Так, составляя понятия о предметах и все более расширяя эти понятия, мы в то же время судим о предметах и делаем о них свои заключения. Судить значит отличать и определять предмет по какому-нибудь его признаку: дерево имеет ствол, дерево горит, дерево идет на постройки. Делать заключения значит соединять наши суждения о предмете для какого-нибудь вывода: дерево хорошо горит и дает при горении жар, следовательно, оно годно для топки печей. При этом в наших заключениях мы сначала переходим от частных наблюдений к общему суждению, например: везде, где я ни видел сосну, она растет на песчаной почве, следовательно, сосне вообще свойственна песчаная почва. А потом, собрав в своем уме уже много таких общих суждений, мы можем и обратно эти общие суждения применять ко всякому частному случаю, то есть делать заключения от общего к частному. Зная наперед, что сосна растет на песчаной почве, я, увидев издали много сосен, говорю: тут почва должна быть песчаная. Такие заключения хороши, если общее суждение вполне верно и если его применение вполне правильно. Я сделаю такой вывод, что если у меня почесался глаз, то мне плакать, на том основании, что глаз всегда чешется к слезам. Заключение нелепое, потому что и общее суждение (глаз чешется к слезам) нелепо: оно выведено неверно из случайных, одиночных наблюдений, из частных представлений, не имеющих между собой никакой связи (как, например, слезы и чесание глаза). Это все равно, как если бы ребенок думал, что на елке растут пряники, потому что случайно он видит елку, убранную пряниками (из того, что случается одновременно или одно вслед за другим, еще нельзя заключать, что между этими предметами или явлениями есть какая-нибудь связь). По мере расширения наших понятий и наши суждения и умозаключения становятся все более сложны и разнообразны. Понятия в речи мы выражаем словами, суждения – краткой речью, состоящею по меньшей мере из двух слов, означающих предмет и признак, и называемой предложением (крапива жгуча, луг зеленеет, снег бел); для выражения умозаключения необходима уже более длинная речь, где соединяется несколько предложений (снег уравнивает дорогу, потому и по зимней дороге легче проехать).

Какие же выводы можно сделать из всего, что мы до сих пор говорили, для нашей цели, то есть для цели обучения?

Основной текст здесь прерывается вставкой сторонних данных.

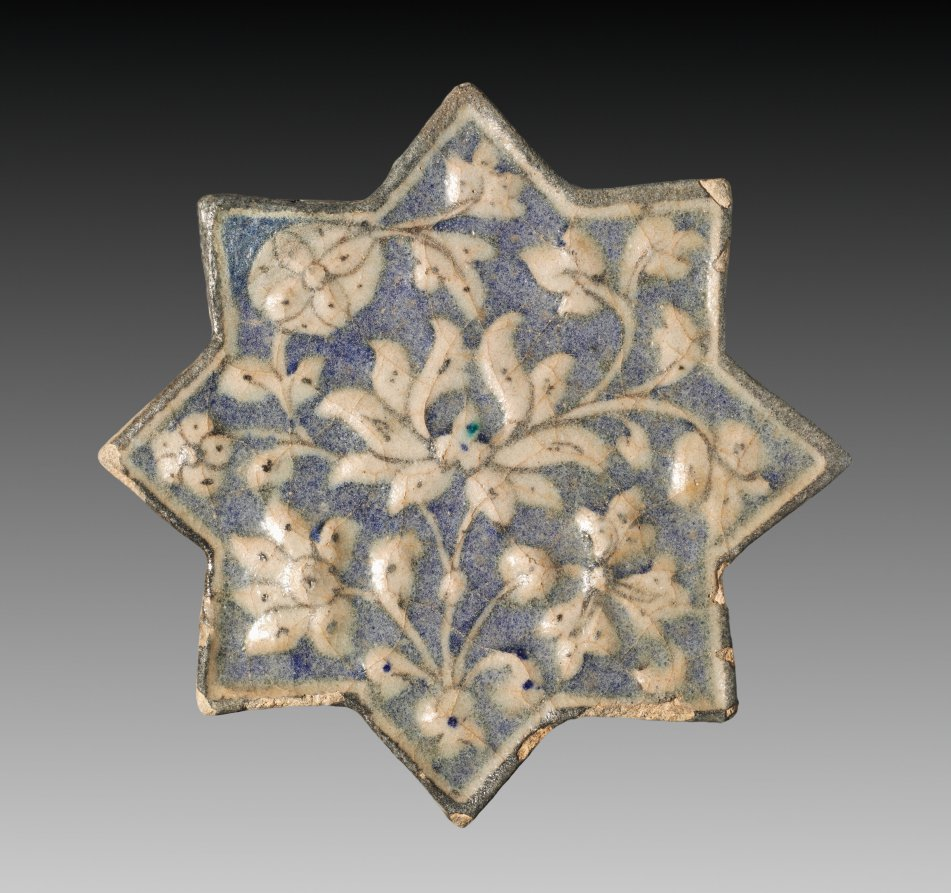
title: Wall Tile with Lotus Blossom
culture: Iran, probably Sultanabad, Ilkhanid period (1256–1353)
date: c. 1300–50
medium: fritware with molded and underglaze-painted design
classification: Ceramic
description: One popular method of covering large wall sections with ceramic decoration was to combine star-shaped tiles with cross-shaped tiles.
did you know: Some of the design relief has been molded as well as being built up in the white slip.
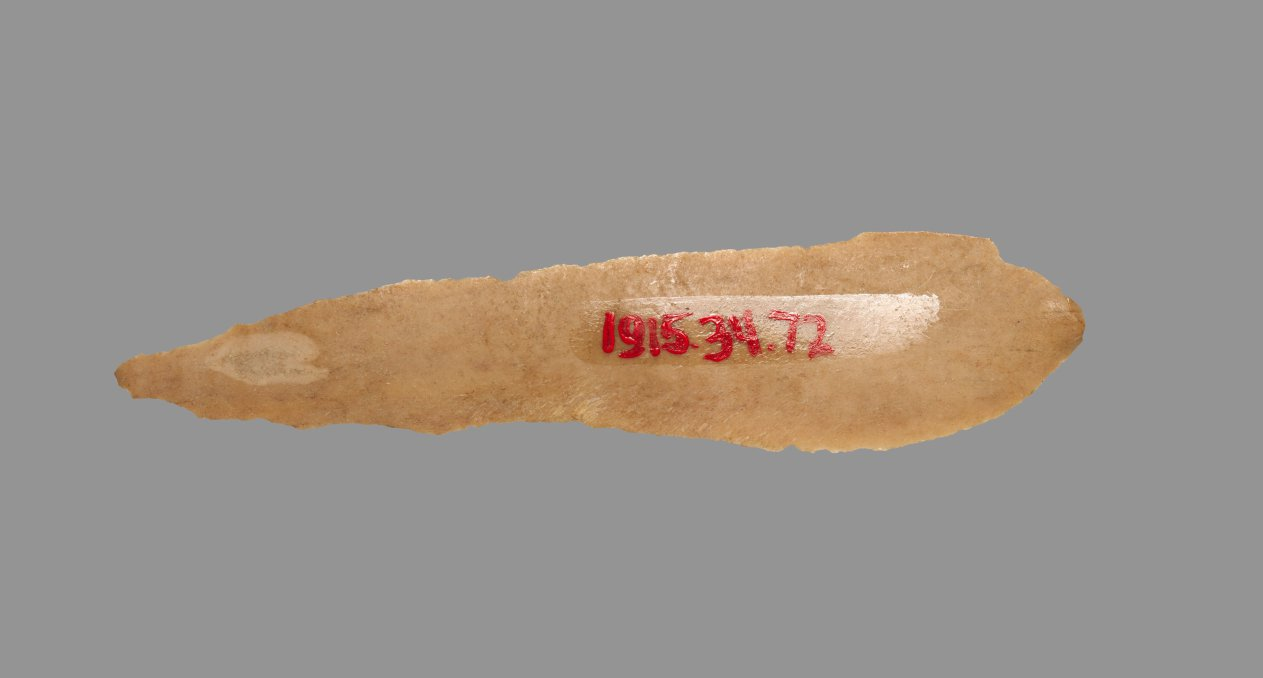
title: Sickle Blade
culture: Egypt, Middle Kingdom (2040–1648 BCE), Dynasty 12
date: 1980–1801 BCE
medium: flint
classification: Implements
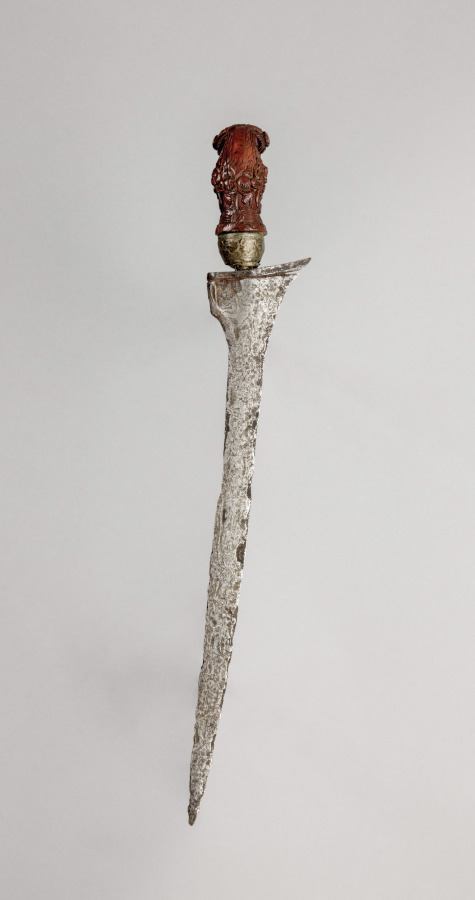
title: Sword (Kris)
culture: Java
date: 1800s
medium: iron with carved wooden handle
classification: Arms and Armor
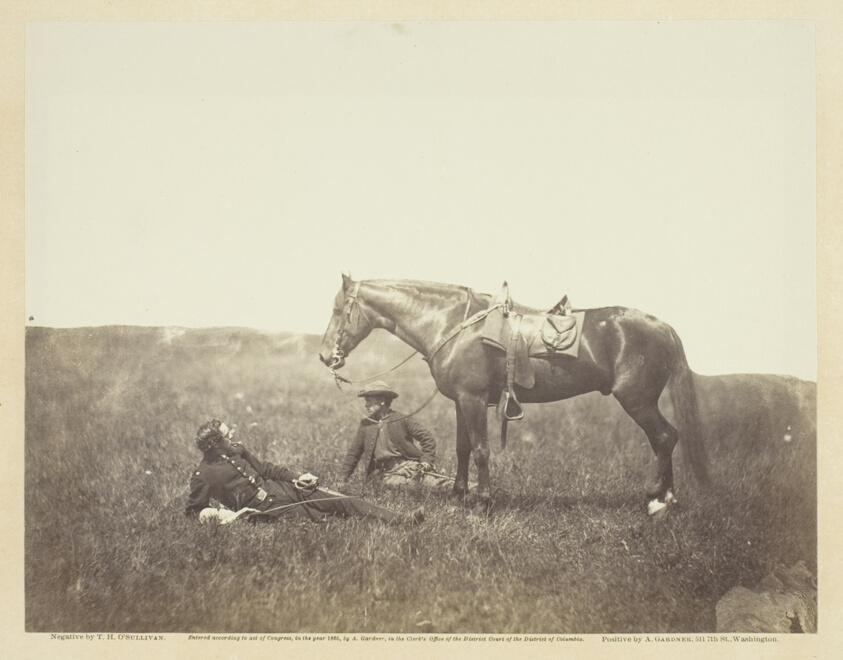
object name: Photograph
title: The Halt
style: 19th century
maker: Timothy O'Sullivan (American, born Ireland, 1840–1882)
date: May 1864
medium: Albumen print, pl. 50 from the album "Gardner's Photographic Sketch Book of the War, vol. 1" (1866)
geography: United States
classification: photograph; albumen silver print; photography
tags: Collected by Hugh Edwards, Gardner's Photographic Sketch Book
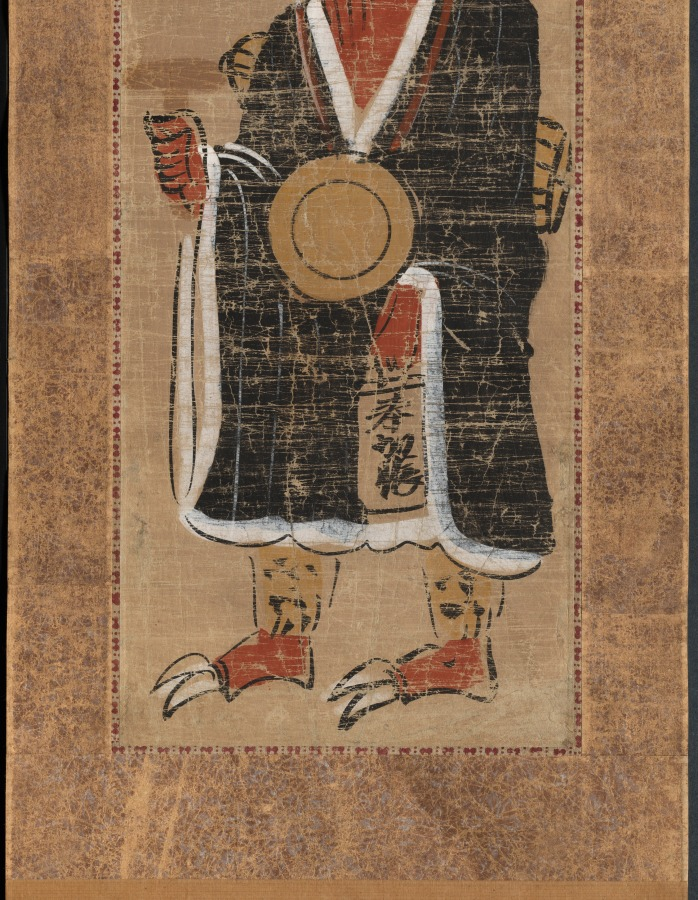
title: Demon Intoning the Name of the Buddha
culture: Japan, Edo period (1615–1868)
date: 1700s
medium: hanging scroll, ink and color on paper
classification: Painting
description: Images like this one that depicts a demon in the guise of an itinerant monk intoning the name of the Buddha are called Otsu-e, or "Otsu paintings." Otsu-e were made as souvenirs for travelers passing through the station of Otsu along the Tokaido, the route stretching from Edo (modern-day Tokyo) to Kyoto. Realized through a combination of woodblock printing, rapid brushstrokes, embellishment with color and gold pigments by stencil or by hand, the earliest Otsu-e, produced in the 17th century, were Buddhist and Shinto icons. Later images included figures popular from Kabuki plays, as well as scenes illustrating parables.
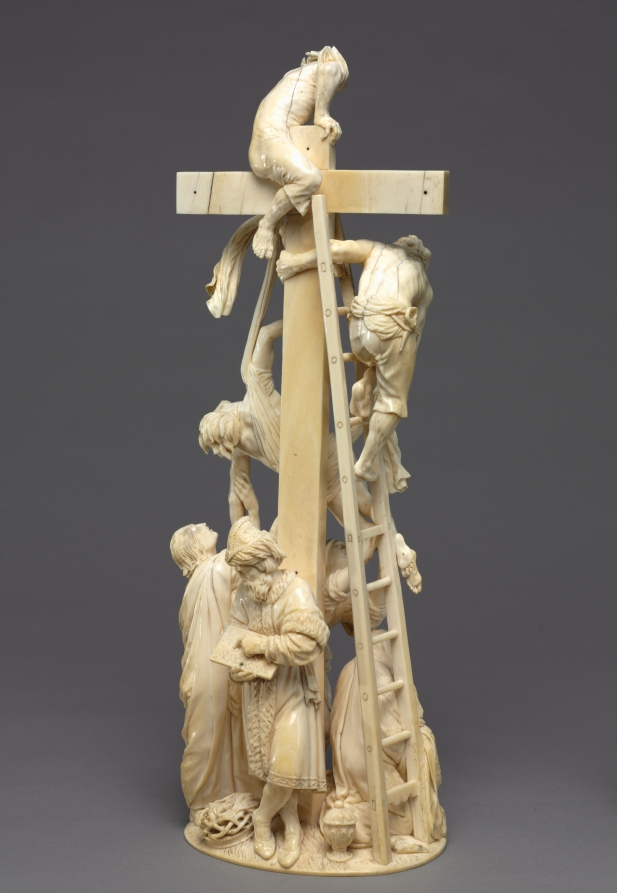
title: Descent from the Cross
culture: Austria
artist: Adam Lenckhardt (German, 1610–1661)
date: 1653
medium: ivory
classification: Sculpture
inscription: inscribed with monogram "AL" conjoined and dated 1653.
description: Carved from a single piece of ivory for Prince Karl Eusebius von Liechtenstein of Vienna, this work is a true tour-de-force. It took Lenckhardt seven years to complete; it is his last known sculpture and the pinnacle of his career. The biblical accounts of the descent from the cross found in the gospels are not consistent, which may contribute to the difficulty in precisely identifying the figures. The Virgin Mary, Saint John, Mary Magdalene, and others were said to be present, but undoubtedly there are other disciples here mourning Christ’s death. The intense emotion registers on the faces of the figures in the scrupulous and exquisitely detailed work.
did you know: Carved from a single elephant tusk, the artist took special care to ensure the ivory did not crack or break as he meticulously crafted each figure in this visually exciting sculpture. Look closely to find tools and small objects included near its base.
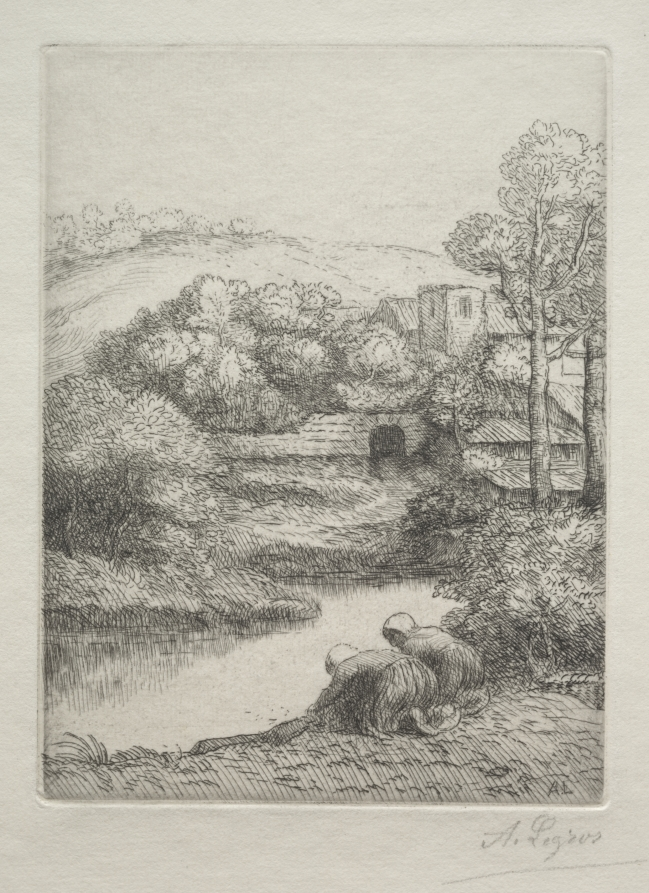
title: The Washing Place, called The Washerwomen (Le Lavoir, Dite "Les Laveuses")
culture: France, 19th century
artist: Alphonse Legros (French, 1837–1911)
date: c. 1857–1911
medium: drypoint
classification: Print

1) Мы знаем, что ребенок приобретает представления и понятия лишь после того, как предмет разносторонне действовал на его чувства. Следовательно, при всяком объяснении предмета нужно обращаться к чувствам ребенка: преподавание должно быть наглядное в обширном значении этого слова, то есть вы не только показываете ребенку предмет, но и даете, где нужно, осязать его, действуете и на слух, и на обоняние, и на вкус.

2) Ребенок имеет понятие лишь о том, что он видел и наблюдал, и только лишь постепенно, через скопление новых наблюдений, переходит к новым понятиям. Следовательно, в преподавании прежде всего нужно иметь в виду то, и начинать с того, что ребенок знает, что он твердо усвоил путем впечатлений, какие давала ему окружающая жизнь. Иначе говоря, надо начинать с ближайшего, известного, вполне доступного ребенку.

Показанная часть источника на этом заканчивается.